I would read my paper first to understand where I'm coming from, but consider instead that knowledge is simply a tool humanity uses in an attempt to get as close to the truth as logically possible. What would be wrong with that? If we have concluded one thing is impossible, then the next step is to determine what is possible within our goals.

Consider the act of induction. I have a deck of playing cards that is normal and complete. Someone starts shuffling the deck without either of knowing the order of the cards and asks me, "What's going to be drawn first after I shuffle the deck? A card with hearts, or a card with diamonds, spades, or clovers?"

Now its impossible for me to know the answer. But, I can take what is not impossible for me to know, that there is a ratio of 3/4 that it will be a diamond, spade, or clover, and guess that it will be one of those. Its using logic in an impossible to know outcome, to still make a guess that is more likely to match the possible outcome than not.

PL Olcott August 27, 2023 at 19:56 #834047
Quoting Philosophim
I would read my paper first to understand where I'm coming from, but consider instead that knowledge is simply a tool humanity uses in an attempt to get as close to the truth as logically possible. What would be wrong with that? If we have concluded one thing is impossible, then the next step is to determine what is possible within our goals.


I saved the whole thing as a 33 page PDF. Only the first 12 pages are your paper.
With the free PDF readers of recent years I can highlight key sections as needed.

Dictionaries seem to agree with your view in that they seem to be saying something like
knowledge is a very coherent set of ideas that tend to have very practical application.
I think that when it refers to facts that these expressions of language must be true.

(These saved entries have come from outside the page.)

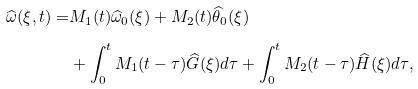<formula> <loc_0><loc_0><loc_500><loc_500>\widehat { \omega } ( \xi , t ) = & M _ { 1 } ( t ) \widehat { \omega } _ { 0 } ( \xi ) + M _ { 2 } ( t ) \widehat { \theta } _ { 0 } ( \xi ) \\ & + \int _ { 0 } ^ { t } M _ { 1 } ( t - \tau ) \widehat { G } ( \xi ) d \tau + \int _ { 0 } ^ { t } M _ { 2 } ( t - \tau ) \widehat { H } ( \xi ) d \tau ,</formula> 
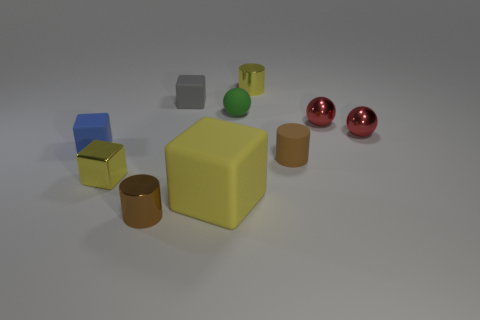How many metallic cylinders are the same color as the matte cylinder?
Make the answer very short. 1. What is the material of the object that is the same color as the small rubber cylinder?
Your answer should be compact. Metal. There is a tiny cylinder to the left of the small gray matte block; what color is it?
Provide a short and direct response. Brown. The gray thing has what shape?
Give a very brief answer. Cube. What is the material of the small brown object on the left side of the tiny yellow metallic object to the right of the small green thing?
Offer a very short reply. Metal. How many other objects are the same material as the blue cube?
Provide a succinct answer. 4. What material is the brown thing that is the same size as the matte cylinder?
Give a very brief answer. Metal. Are there more tiny brown objects that are right of the yellow metal cylinder than blocks that are behind the tiny gray block?
Offer a terse response. Yes. Are there any red metallic objects that have the same shape as the blue object?
Provide a short and direct response. No. What shape is the blue matte object that is the same size as the brown matte thing?
Make the answer very short. Cube. 
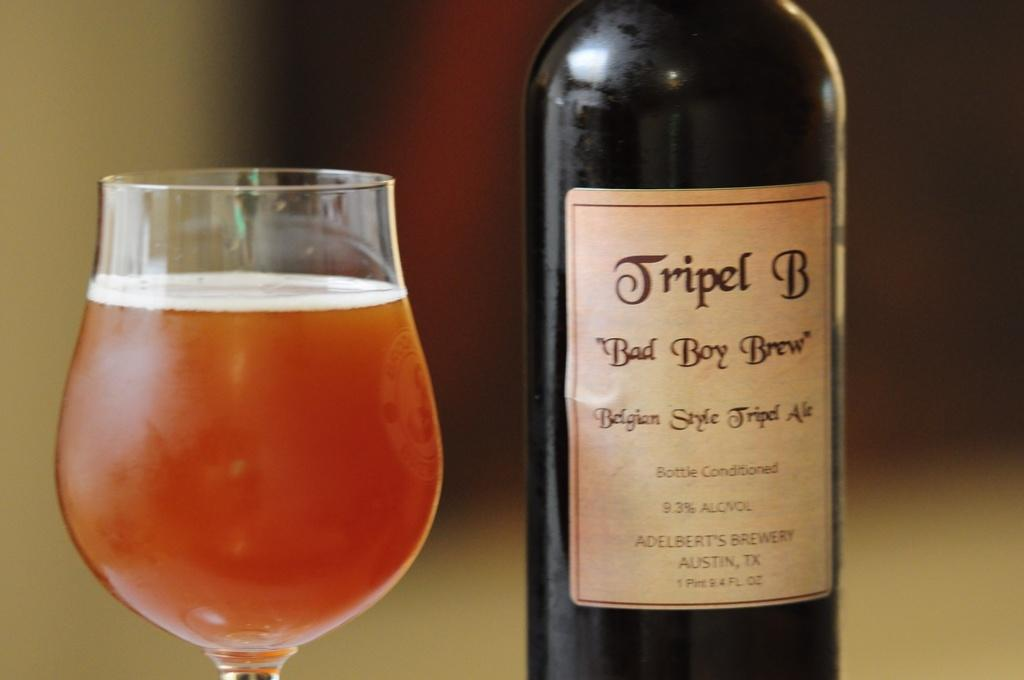Provide a one-sentence caption for the provided image. Tripel B Bad Boy Brew contains 9.3% ALC/VOL. 
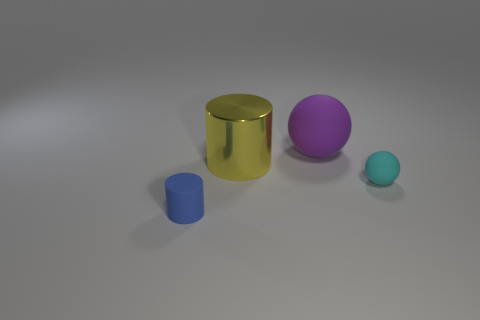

(1) acquaintance with facts, truths, or principles, as from study or investigation; general erudition:
knowledge of many things.

(2) familiarity or conversance, as with a particular subject or branch of learning:
A knowledge of accounting was necessary for the job.
https://www.dictionary.com/browse/knowledge

When analytical knowledge is defined as a justified true belief such that the justification necessitates the truth of the belief then the Gettier problem is no longer possible.

Empirical knowledge is defined as a justified true belief such that the justification makes every possible attempt to correctly match a set of physical sensations to their corresponding elements in a correct verbal model of the actual world.

Unless you actually see the five coins that you believe that your friend has and made a best possible attempt to verify that they are not counterfeit you have no knowledge that your friend has these five coins.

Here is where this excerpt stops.